5 min read
While AI and machine learning are being used in high impact areas and have seen heavy adoption in every field, in recent years, they have also gained a lot of attention from the policymakers. Technology has become a huge topic of discussion among policymakers mainly because of its cases of failure and how it is being used or misused. They have now started formulating laws and regulations and holding discussions about how society will govern the development of these technologies. Prof. Felten explained how having constructive engagement with policymakers will lead to better outcomes for technology, government, and society.
Why tech should be regulated?
Regulating tech is important, and for that researchers, data scientists, and other people in tech fields have to close the gap between their research labs, cubicles, and society. Prof. Felten emphasizes that it is up to the tech people to bridge this gap as we not only have the opportunity but also a duty to be more active and productive in participating in public life. There are many people coming to the conclusion that tech should be regulated before it is too late.
In a piece published by the Wall Street Journal, three experts debated about whether the government should regulate AI. One of them, Ryan Calo explains, “One of the ironies of artificial intelligence is that proponents often make two contradictory claims. They say AI is going to change everything, but there should be no changes to the law or legal institutions in response.” Prof. Felten points out that law and policies are meant to change in order to adapt according to the current conditions. They are not just written once and for all for the cases of today and the future, rather law is a living system that adapts to what is going on in the society. And, if we believe that technology is going to change everything, we can expect that law will change.
Prof. Felten also said that not only the tech researchers and policymakers but the society also should also have some say in how the technology is developed, “After all the people who are affected by the change that we are going to cause deserve some say in how that change happens, how it is used. If we believe in a society which is fundamentally democratic in which everyone has a stake and everyone has a voice then it is only fair that those lives we are going to change have some say in how that change come about and what kind of changes are going to happen and which are not.”
How experts can work with decision makers to make good tech decisions
The three key approaches that we can take to engage with policymakers to take a decision about technology:
Engage in a two-way dialogue with policymakers
As a researcher, we might think that we are tech experts/scientists and we do not need to get involved in politics. We need to just share the facts we know and our job is done. But if researchers really want to maximize their impact in policy debates, they need to combine the knowledge and preferences of policymakers with their knowledge and preferences. Which means, they need to take into account what policymakers might already have heard about a particular subject and the issues or approaches that resonate with them.
Prof. Felten explains that this type of understanding and exchange of ideas can be done in two stages. Researchers need to ask several questions to policymakers, which is not a one-time thing, rather a multi-round protocol. They have to go back and forth with the person and need to build engagement over time and mutual trust. And, then they need to put themselves into the shoes of a decision maker and understand how to structure the decision space for them.
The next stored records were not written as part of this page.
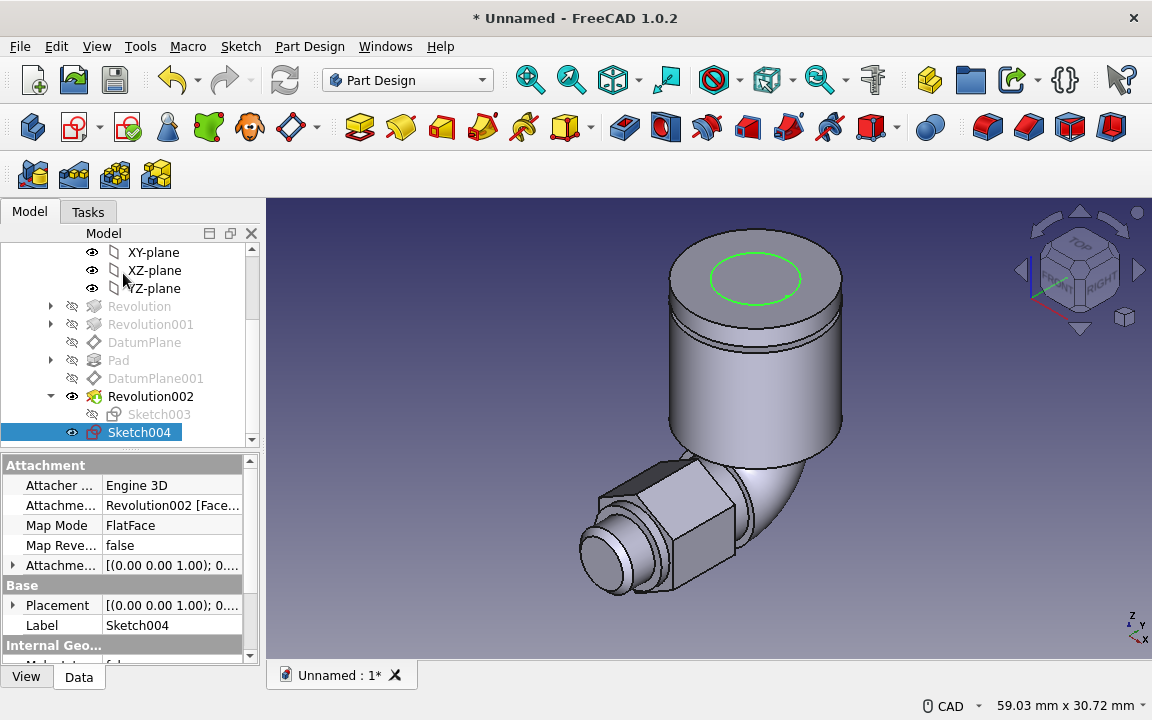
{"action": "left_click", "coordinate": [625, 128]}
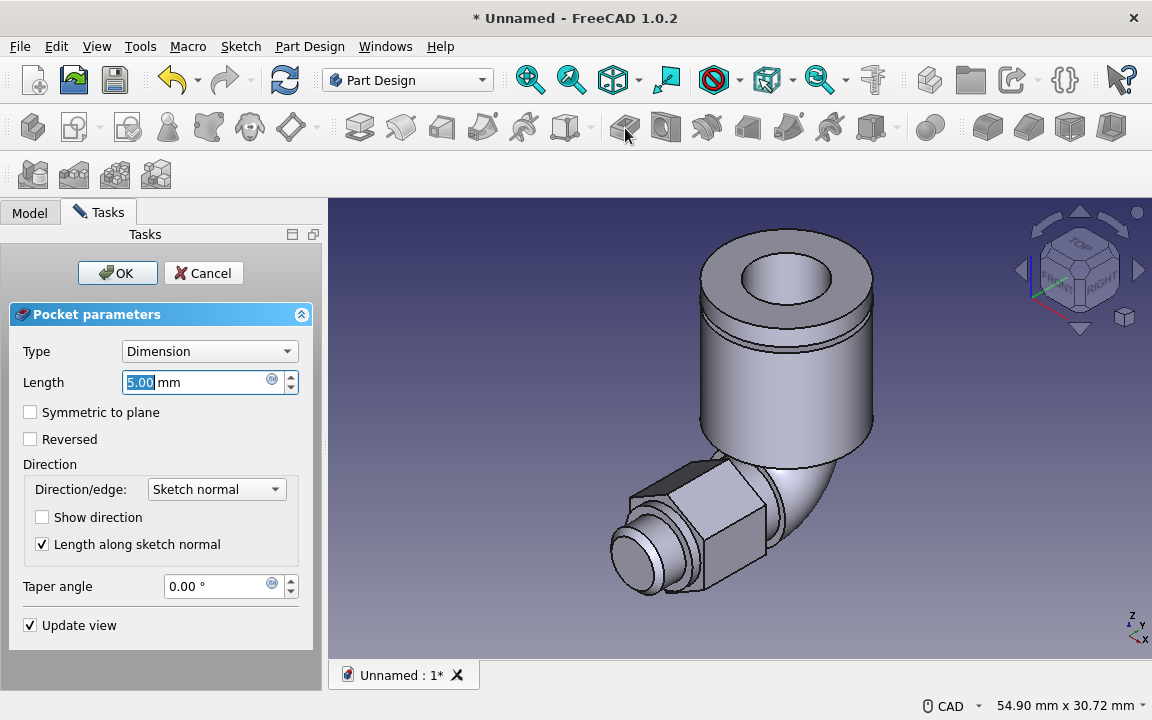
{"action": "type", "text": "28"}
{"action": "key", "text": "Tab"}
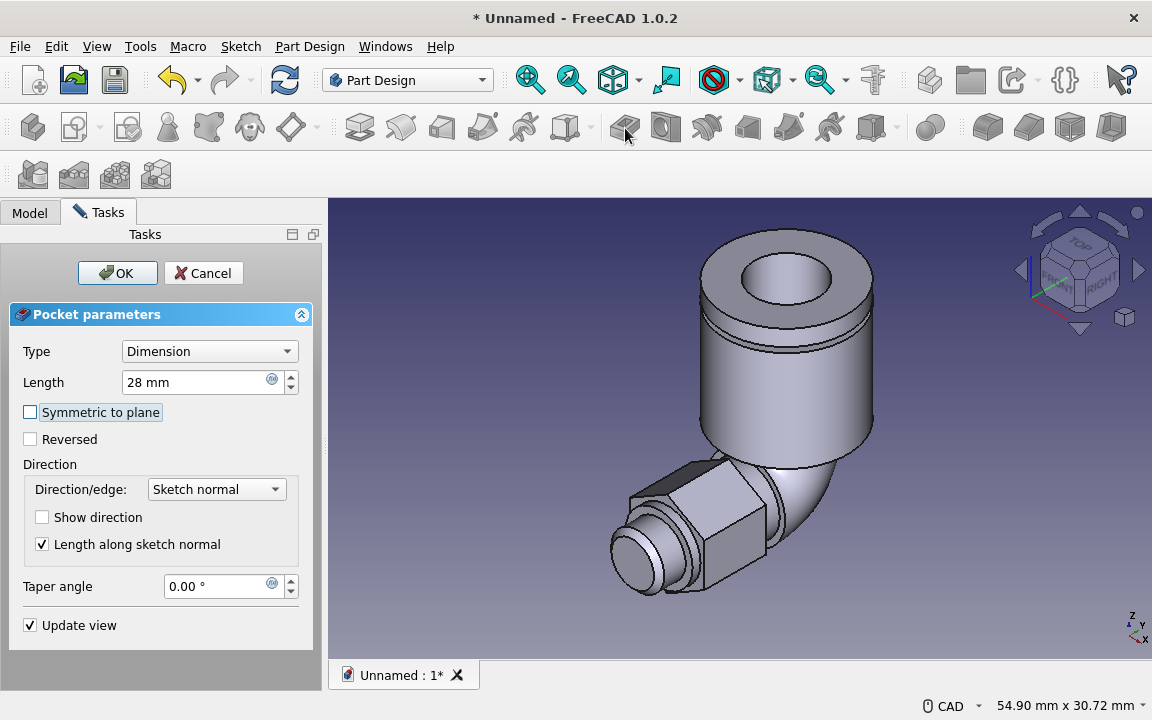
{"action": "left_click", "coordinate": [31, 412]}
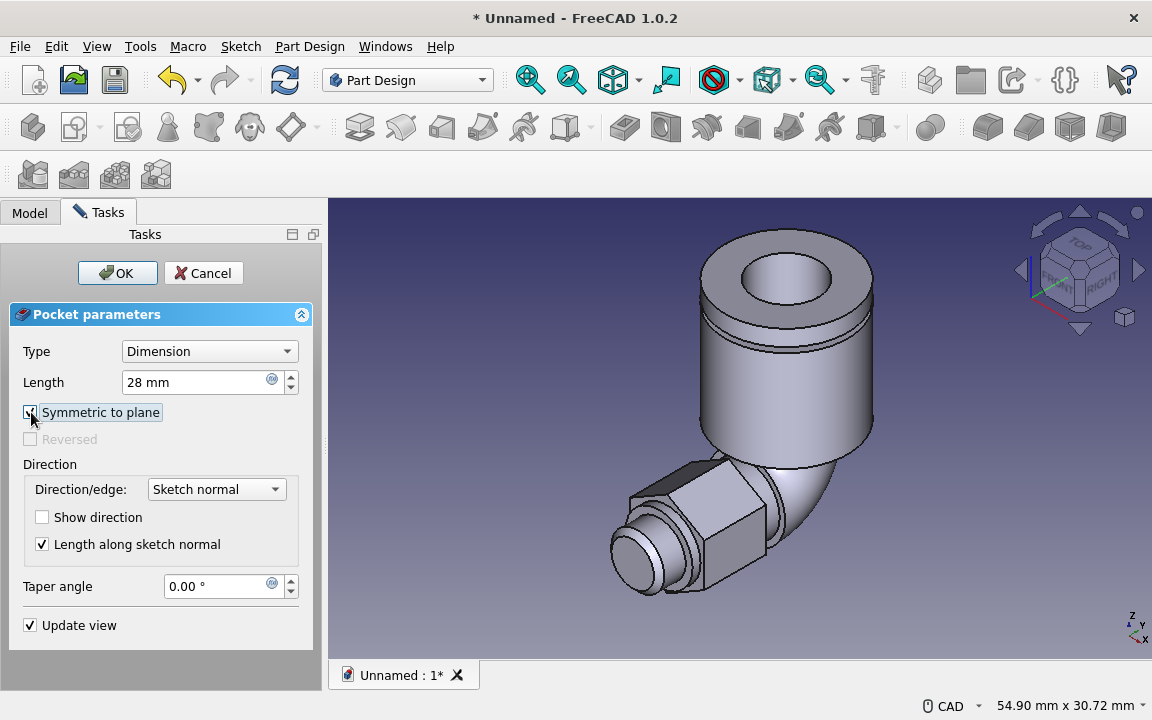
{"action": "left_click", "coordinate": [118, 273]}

Be present in the room when the decisions are being made
To have their influence on the decisions that get made, researchers need to have “boots on the ground.” Though not everyone has to engage in this deep and long-term process of decision making, we need some people from the community to engage on behalf of the community. Researchers need to be present in the room when the decisions are being made. This means taking posts as advisers or civil servants. We already have a range of such posts at both local and national government levels, alongside a range of opportunities to engage less formally in policy development and consultations.
Creating a career path and rewarding policy engagement
To drive this engagement, we need to create a career path which rewards policy engagement. We should have a way through which researchers can move between policy and research careers. Prof. Felten pointed to a range of US-based initiatives that seek to bring those with technical expertise into policy-oriented roles, such as the US Digital Service.
He adds that if we do not create these career paths and if this becomes something that people can do only after sacrificing their careers then very few people will do it. This needs to be an activity that we learn to respect when people in the community do it well. We need to build incentives whether it is in career incentives in academia, whether it is understanding that working in government or on policy issues is a valuable part of one kind of academic career and not thinking of it as deter or a stop.